Leading politicians from the Greens and the Free Democratic Party (FDP), the two junior partners to Scholz’s Social Democrats, have been urging the chancellor to step up military support for Kyiv. They argue that at the very least, Scholz should grant the necessary permission for countries like Poland and Finland to send their own German-made Leopards to Ukraine. Kyiv says it urgently needs these more powerful tanks to fend off an expected new Russian offensive in a war that has dragged on for 11 months.

German Foreign Minister Annalena Baerbock declared on Sunday that Berlin “would not stand in the way” if countries like Poland wanted to send their Leopards to Ukraine. Polish Prime Minister Mateusz Morawiecki then said Monday his country would officially ask Berlin for permission to deliver Leopards to Ukraine.

But Scholz’s spokesperson Steffen Hebestreit suggested Monday that Baerbock’s statement did not represent a decision agreed upon within the government, highlighting the growing disunity within the coalition over the issue. Hebestreit said any request for sending Leopards would first have to be discussed and decided upon according to the “established procedures” within Germany’s federal security council — a reduced Cabinet formation involving Scholz, Baerbock and a few other ministers.

The chancellor’s continued hesitance to send tanks and his public split on the matter with his own foreign minister is increasingly rankling his other allies in the coalition.

The Greens’ co-leader, Omid Nouripour, said Monday it is “necessary” to finally have clarity on the topic, “as quickly as possible.”

“It is unclear to me why infantry fighting vehicles are not escalating, but battle tanks are,” Nouripour said in reference to Scholz’s readiness to supply Ukraine with Marder infantry fighting vehicles, but not the more powerful Leopards.

The liberal Free Democrats’ Marie-Agnes Strack-Zimmermann, chair of the Bundestag’s defense committee, has called Scholz’s reluctance on the tank issue a “catastrophe” and said the German government had “failed.”

Strack-Zimmermann also got into a public argument with the Social Democrats’ parliamentary group leader, Rolf Mützenich, who accused her of “talking us into a military conflict.” The FDP politician responded on Twitter, calling Mützenich “the symbol of all the central failures of German foreign policy.”

This in turn prompted a sharp response from the Social Democrats’ co-leader, Lars Klingbeil, who on Monday urged the leadership of Greens and FDP to rally their politicians behind the government coalition and stop the continued attacks against the chancellor and his party.

The German parliament’s main opposition group, the center-right CDU/CSU bloc, latched onto the spat to launch a renewed push to split Scholz’s ruling coalition.

“The FDP and the Greens must ask themselves whether they are willing to share responsibility for this failure against their own convictions,” the CDU’s Norbert Röttgen, a member of the Bundestag’s foreign affairs committee, told the newspaper Bild.

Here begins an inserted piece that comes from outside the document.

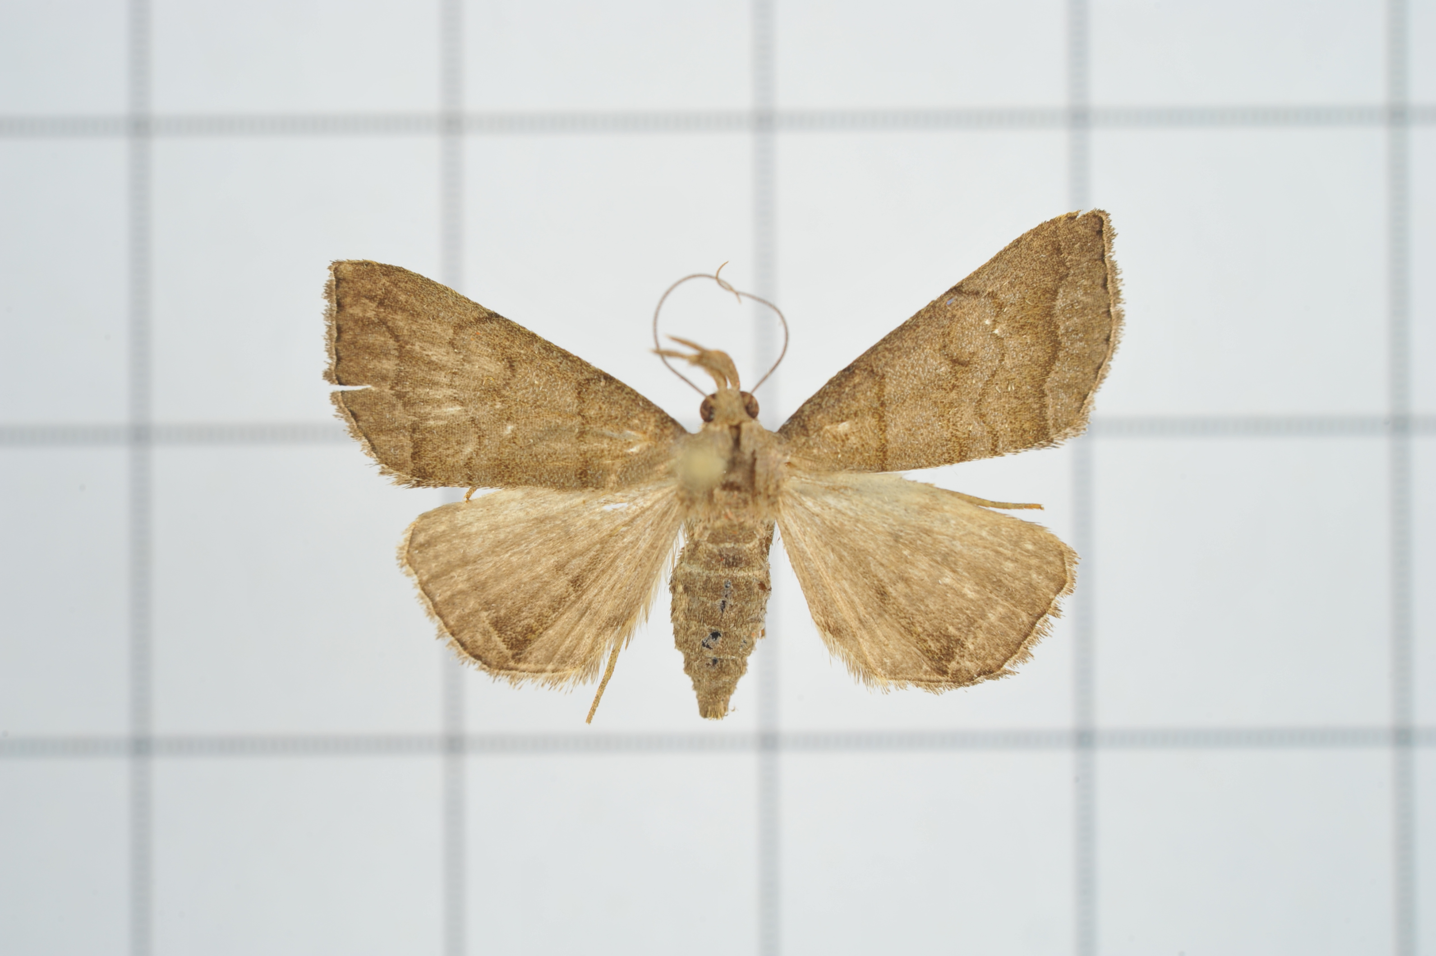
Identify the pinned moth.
Herminia undulata

Thorsten Frei, chief whip of the CDU/CSU parliamentary group, also urged the FDP and the Greens to “finally act consistently,” and added: “The scenes that are playing out right now in the … coalition are reminiscent of divorce proceedings.”

The CDU/CSU was Germany’s main ruling bloc for 16 years under former Chancellor Angela Merkel, until it was ousted from power when she stepped down during the 2021 election. The conservative bloc has since sought to drive a wedge between the current three ruling parties, in particular by highlighting their differences on Ukraine. They have submitted multiple parliamentary resolutions calling for Germany to send more heavy weapons like tanks to the war-torn country, hoping to attract votes from Green and liberal lawmakers who disagree with Scholz.

However, the ruling parties have so far refrained from siding with the opposition — and there’s no sign that they’re willing to do so now, despite the growing discontent.

Still, CDU member Frei reiterated an offer to the FDP and Greens to form a new coalition under the leadership of the CDU/CSU: “In any case, we stand ready to take responsibility.”